Remember, non-engineers are more sensitive to ease of use. They aren’t as fickle as engineers are with dev tools. That’s why they pay money for Microsoft Word and stick with it even though there are many free competitors. They’re accustomed to Microsoft Word, their friends use Microsoft Word, and the software is always marginally better because outsized profits are reinvested into the software.
Additionally, if the above is not enough to make one obscenely wealthy, consider this: it is not pre-ordained that no-code would be as open as a programming language like Python. In fact, it might be better for the users if no-code is a platform rather than an open-source framework (I don’t believe that, but maybe). Obviously, platforms can charge rents as the intermediary between end-users and suppliers of services on the platform. That will make you fabulously wealthy, assuming widespread adoption.
So, if there is a lack of:
- profit potential from ancillary services, and
- funding from users, suppliers, and patrons
- or, in any case, if the no-code would be fundamentally worse with open source
then a for-profit platform is the way to go. Personally, I believe that the open source + ancillary services route will result in a better ecosystem.
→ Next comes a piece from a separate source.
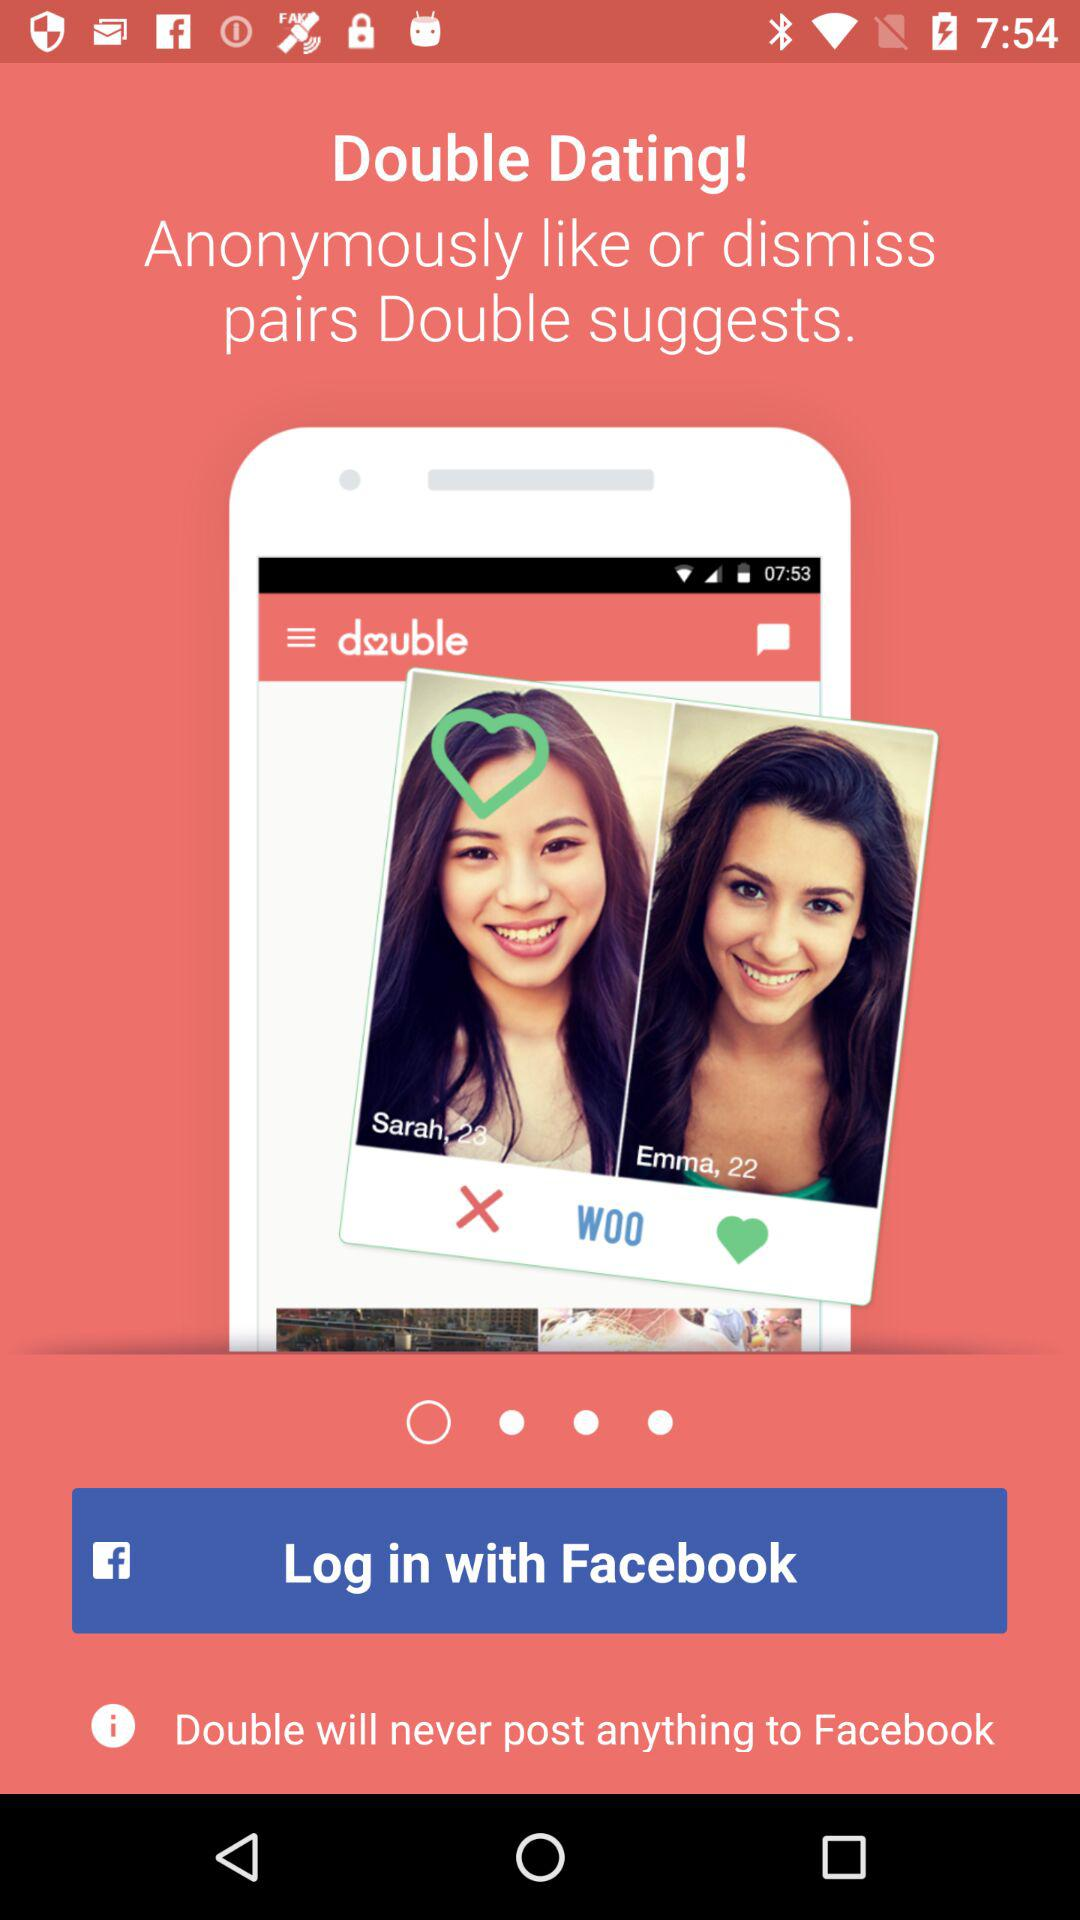What account can I use to log in? You can use the "Facebook" account to log in.

Nonetheless, it’s worth investigating which of those three clauses are true (if any) and why, because that will have big implications for the no-code project.
Abstracting away infrastructure just means it will become increasingly centralized as a commodity and less likely/harder to create independent services.
Look at n2n or userbase, they’re open source and can be self hosted.
Other nocode tools can follow suit, and can be federated.
I agree with the other comment that this can have the same effect as the one Excel had during the past decades (there are companies running completely on Excel).
At the moment though, the tools feel too limited.
So by default the majority are looking for hosted services, otherwise they'd just build their own stack. For anything other than some organization building a bunch of applications, that same Nocode Dev has no need to ever migrate so long as some major service provider is doing it for them.
Google died when they stopped being well informed librarians and started being aggressive salespeople. It's time for a new search engine to step in specifically catered to the curious.
Being able to update libraries, tools etc. automatically and without friction. Right now upgrading is so tedious, error prone and painful that most places just keep using ancient versions that are not only lacking bug fixes and newer features but are a huge attack surface.
It's a human coordination and cooperation problem on a global scale.
But, yes, without users it is easier to create software.
Completely pointless, but much easier.
Offer different versions.
Sandbox programs at the OS level to mitigate old (or new) vulns.
Not trivial but maybe automated by some meta-meta-build tool?
I could start a new project with Spring Boot and Ember.js, provision a Debian box with Postgres and nginx, and deploy all of it within an hour because I know these tools. But I too paid the learning price my first go round.